9. 太湖之约

第九天清晨,郭曜在书房里发现了一封信。

信是从门缝里塞进来的,用的是最粗的草纸,叠成窄窄的一条,封口没有浆糊,只系了一根麻绳。郭曜拆开信,一眼就认出了那行歪歪扭扭的字迹——和上次那封写着“郭家老爷的规矩,不就是拿刀子的规矩吗”的信一模一样,生硬的左手字,横不平竖不直。

但这次信上写的不是质问。

是一行地址。

“西城外,太湖边,老君庙后,芦花荡中。今夜子时。”

下面还有一行更小的字:“来不带人。不来,还有十三条空船。”

郭曜将信凑到油灯前,火苗舔过纸角,他迟疑了一下,又把信收了回来。他没有烧它,而是折好塞进了账簿的夹层里。

然后他坐下来,开始了一天的日常。

他先去正堂向祖父请安。郭承礼正在用早膳,一碗清粥,一碟酱菜,吃得慢条斯理。管家郭福垂手站在一旁,正在禀报今日的粮价和各街口的巡查情况。一切如常,常熟城在新规下运转得像一架上足了油的磨盘。

“曜儿,”郭承礼放下粥碗,“你昨夜去了码头?”

“是。”

“看到了什么?”

郭曜沉默了一息。“秦铁匠父子在搬石头。秦大牛挨了鞭子。”

“还有呢?”

“还有——”郭曜抬起头,看着祖父的眼睛,“秦大牛从我面前走过时,朝我笑了笑。”

郭承礼的筷子顿了一下,停在酱菜碟子上方。只是一瞬,然后又夹了下去。“你懂那个笑是什么意思吗?”

“孙儿不懂。”

“他是在告诉你,”郭承礼将酱菜搁在粥面上,语气平淡,“他认命了。”

郭曜没有说话。他知道祖父说的不是全部真相。秦大牛那个笑容里确实有认命,但还有别的东西。一种认命之后反而释然的东西。像是打完了所有底牌的人,终于不用再为输赢焦虑了。

“认命的人不会闹事。”郭承礼端起粥碗,“不闹事的人,就不用再打了。你弟弟不懂这个道理。他觉得打怕了的人才会乖。但打怕了的人,一旦不怕了,就是最不怕的人。而认命的人——永远不会再拿起刀。”

他将粥碗放下,擦了擦嘴角。

“曜儿,你去码头看看是对的。但你看了之后,要学着看懂。”

从正堂出来,郭曜先去了衙门。赵县令仍然告病,周县丞仍然告假。衙门口的积雪已经三天没人扫了,堆在台阶前面,结了一层硬壳。郭曜推开虚掩的大门走进去,看见大堂上的匾额还在——“明镜高悬”四个字,泥金已经斑驳,匾角挂着一缕蛛丝。

陈伯正在偏房里整理旧卷宗。他看见郭曜进来,微微点了点头。

“大公子,今天是来看什么的?”

“看一样东西。”郭曜说,“鱼鳞册。”

鱼鳞册是常熟县的土地登记簿册,每一块田地都画在图上,标注了四至、亩数、业主。赵捕头烧衙门文书那天,鱼鳞册被抢走了一半,另一半据说被撕了。但陈伯告诉过郭曜,真正的底本存在县衙地窖里,锁了铁箱,钥匙在赵县令手里。赵县令告病之后,那把钥匙就再也没有出现过。

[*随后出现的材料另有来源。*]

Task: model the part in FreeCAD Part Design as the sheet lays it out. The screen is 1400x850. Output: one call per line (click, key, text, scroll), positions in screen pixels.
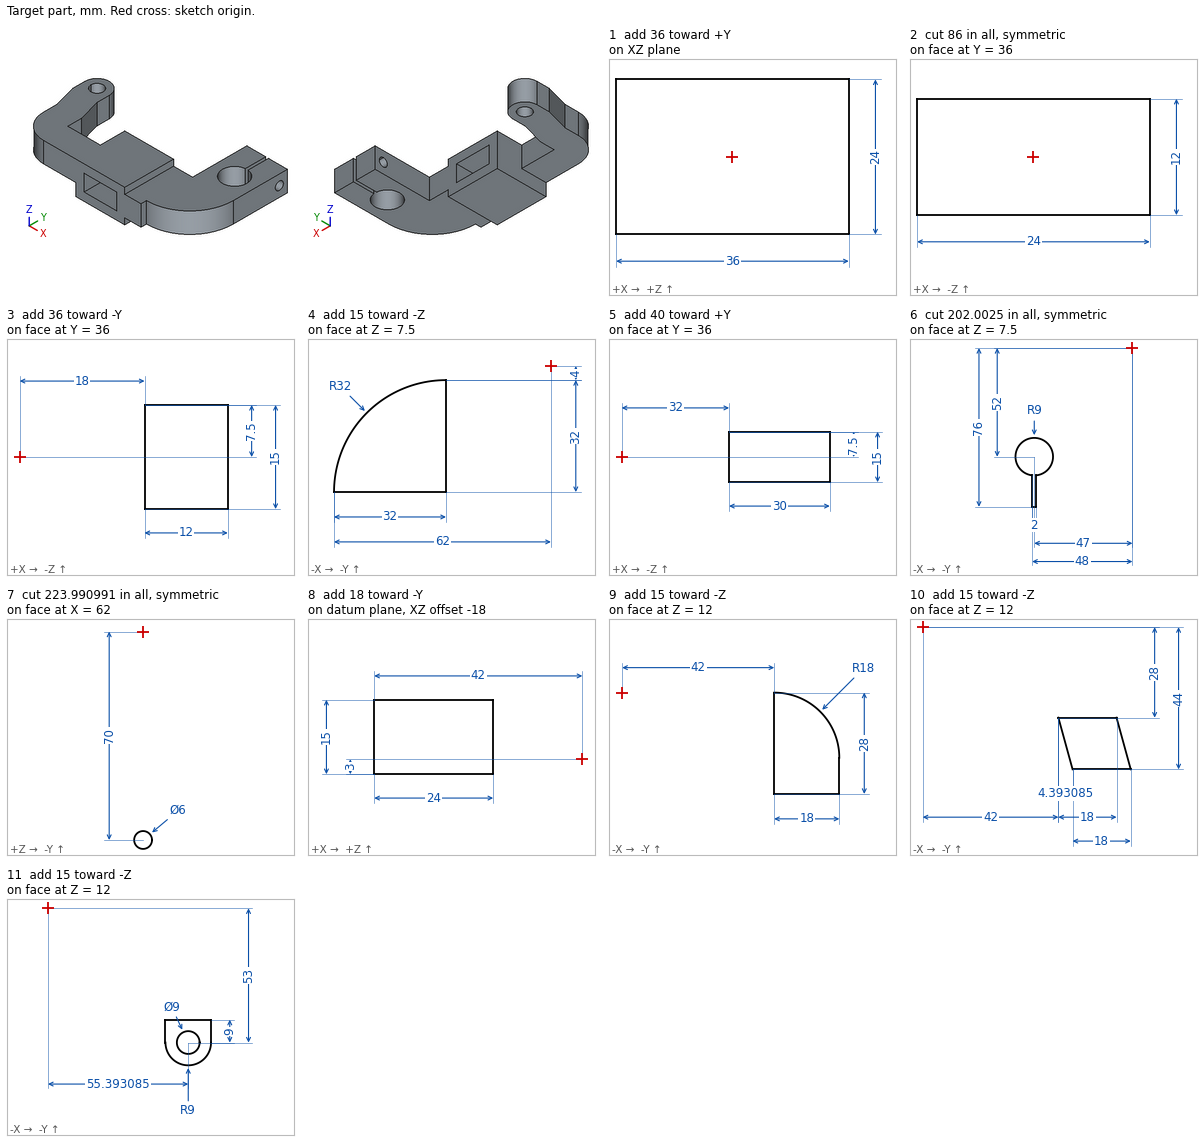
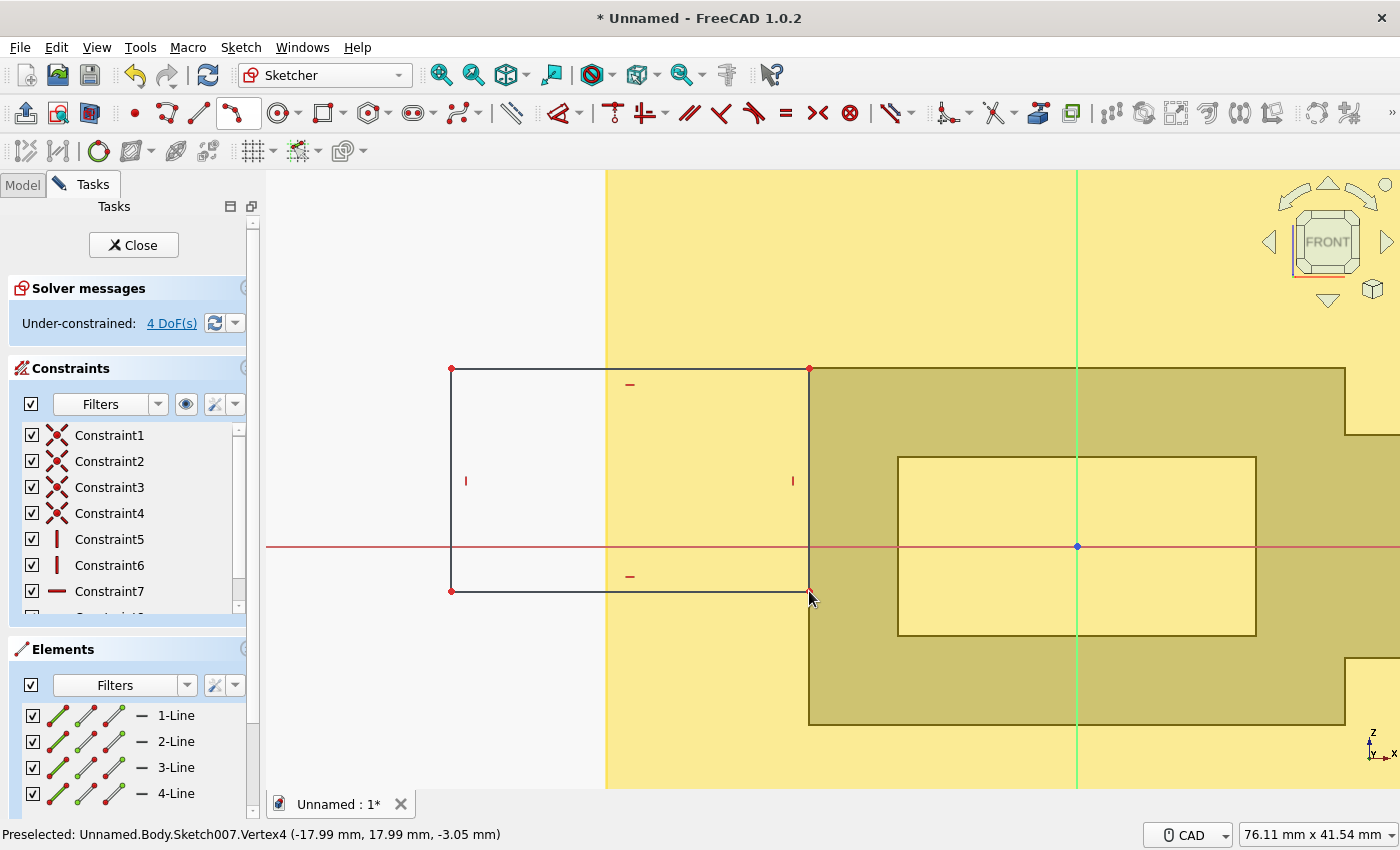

“大公子要看鱼鳞册?”陈伯放下手里的卷宗,“那东西现在看,有用吗?”

“有用。”郭曜说,“我想知道,太湖边上那些渔棚,建在谁的地上。”

陈伯看了他一会儿,然后站起来,走到偏房最里面的一排木架前。架子上堆满了旧卷宗,积了厚厚一层灰。他从最底层抽出一本薄薄的册子,递给郭曜。

“这不是鱼鳞册。这是常熟县渔户的船籍录,十年前编的。鱼鳞册管的是田,渔户没有田,所以不入鱼鳞册。”陈伯拍了拍册子上的灰,“但这上面记录了每一户渔民的船名、船主、人口、落脚点。十年前有一百九十三户,现在不知道还剩多少。”

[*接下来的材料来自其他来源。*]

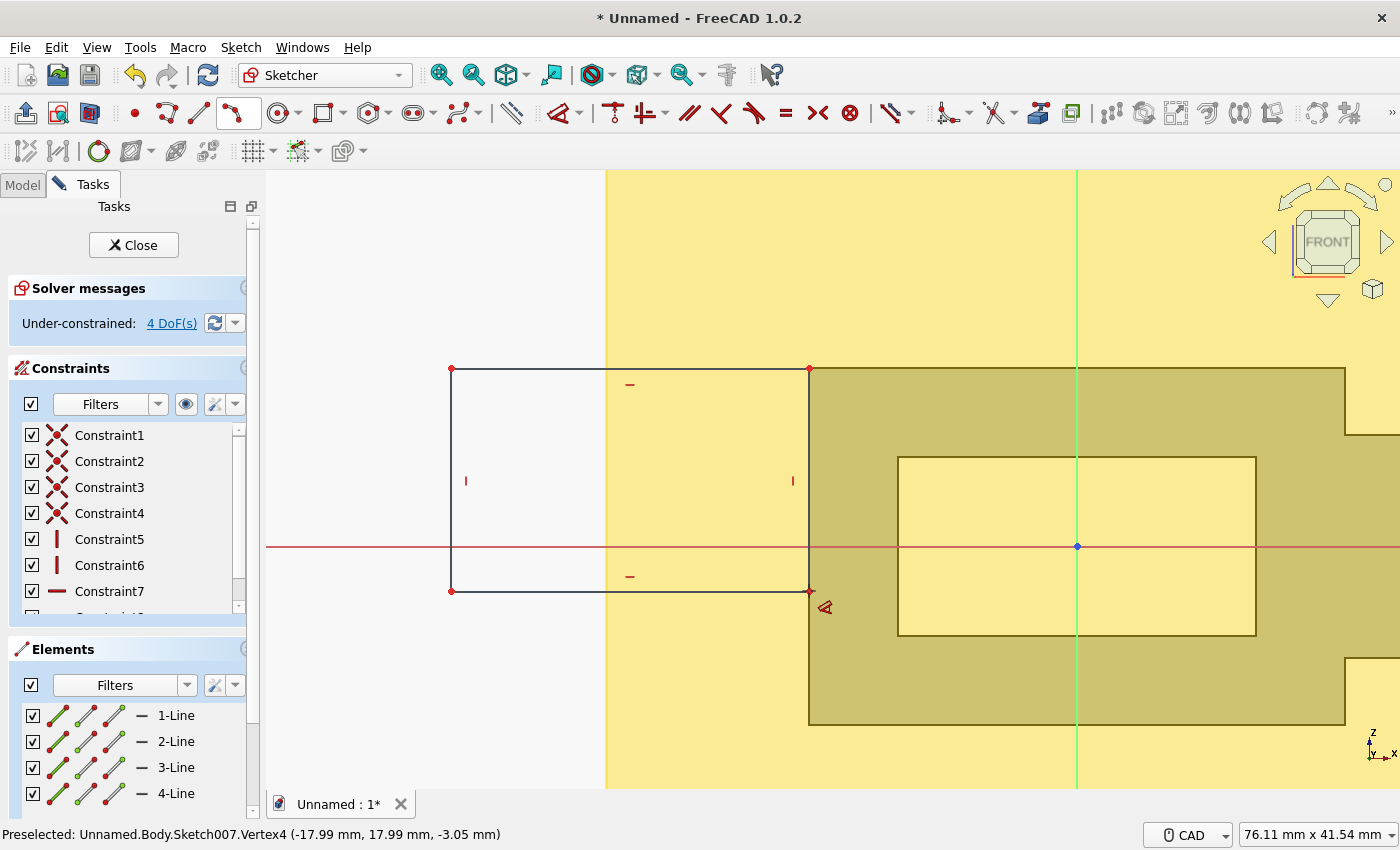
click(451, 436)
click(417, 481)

郭曜接过册子,翻开来。纸页泛黄,字迹是陈伯自己的手笔,工整端正。他一页一页地翻,目光在一个一个名字上滑过。然后他停住了。

他看见了三个字。

“秦大牛”。

秦大牛的名字写在这本船籍录上。十年前,他是太湖上的一条渔船的主人。船名“顺水号”,三丈长,一丈宽,船上有四口人。他的落脚点写的是“老君庙后,芦花荡西”。

老君庙后,芦花荡西。

就是今夜子时,杜七约他去的地方。

郭曜合上册子,抬起头。陈伯正看着他,目光里有某种深沉的审视。

“大公子,”陈伯说,“秦大牛十年前是打鱼的。后来他的船被太湖上的水匪劫了,老婆和孩子都被扔进了湖里。他一个人抱着块船板漂了半夜,漂到了胥口的岸上。从那以后,他就再也不下水了。他把剩下的积蓄全拿出来,给他爹老秦添了一台新铁砧,自己在铁匠铺里学打铁。”

郭曜的手指按在船籍录的封面上,指节发白。

“所以他才会在码头对我笑。”他喃喃道。

“什么?”

“没什么。”郭曜把船籍录还给陈伯,“陈伯,这本册子能不能借我一晚?”

陈伯看了他很久,然后点了点头。

“大公子,”他将册子递过去时,忽然压低了声音,“老君庙后那片芦花荡,是个好地方。芦苇长得比人高,藏得住人,也藏得住话。”

郭曜与他对视了一眼。他没有问陈伯是怎么知道他要去的。

他只是接过册子,拱了拱手,转身走了出去。

入夜之后,常熟城里起了风。

不是前几日那种细碎的寒风,而是一种从太湖上空直扑下来的大风,卷着湖水的腥气和芦苇的碎屑,灌进每一条巷子,拍得门板啪啪作响。郭曜在书房里坐到了将近子时,然后将账簿揣进怀里,吹灭了灯。

他没有走正门。郭府后门的那把锁仍然是虚挂着的,他轻轻一推就开了。他闪身出去,贴着墙根走了一段,然后拐进了通往西城门的小巷。

城门已经关了,但城墙上守夜的家丁今夜只有两个,而且都缩在城楼里避风。郭曜沿着城墙根找到了那扇废弃的排水涵洞,那是他少年时代偷偷溜出城去太湖边摸鱼的秘密通道。十几年过去了,涵洞的铁栅栏已经锈断了两根,刚好够一个人侧身钻过去。

他钻进涵洞,爬过一段湿滑的砖砌通道,从城墙外侧的排水口钻了出来。面前就是太湖的湖岸线。风更大了,湖面上看不见一丝光,只有黑沉沉的波浪一层一层地涌向岸边,拍在礁石上,溅起白色的碎沫。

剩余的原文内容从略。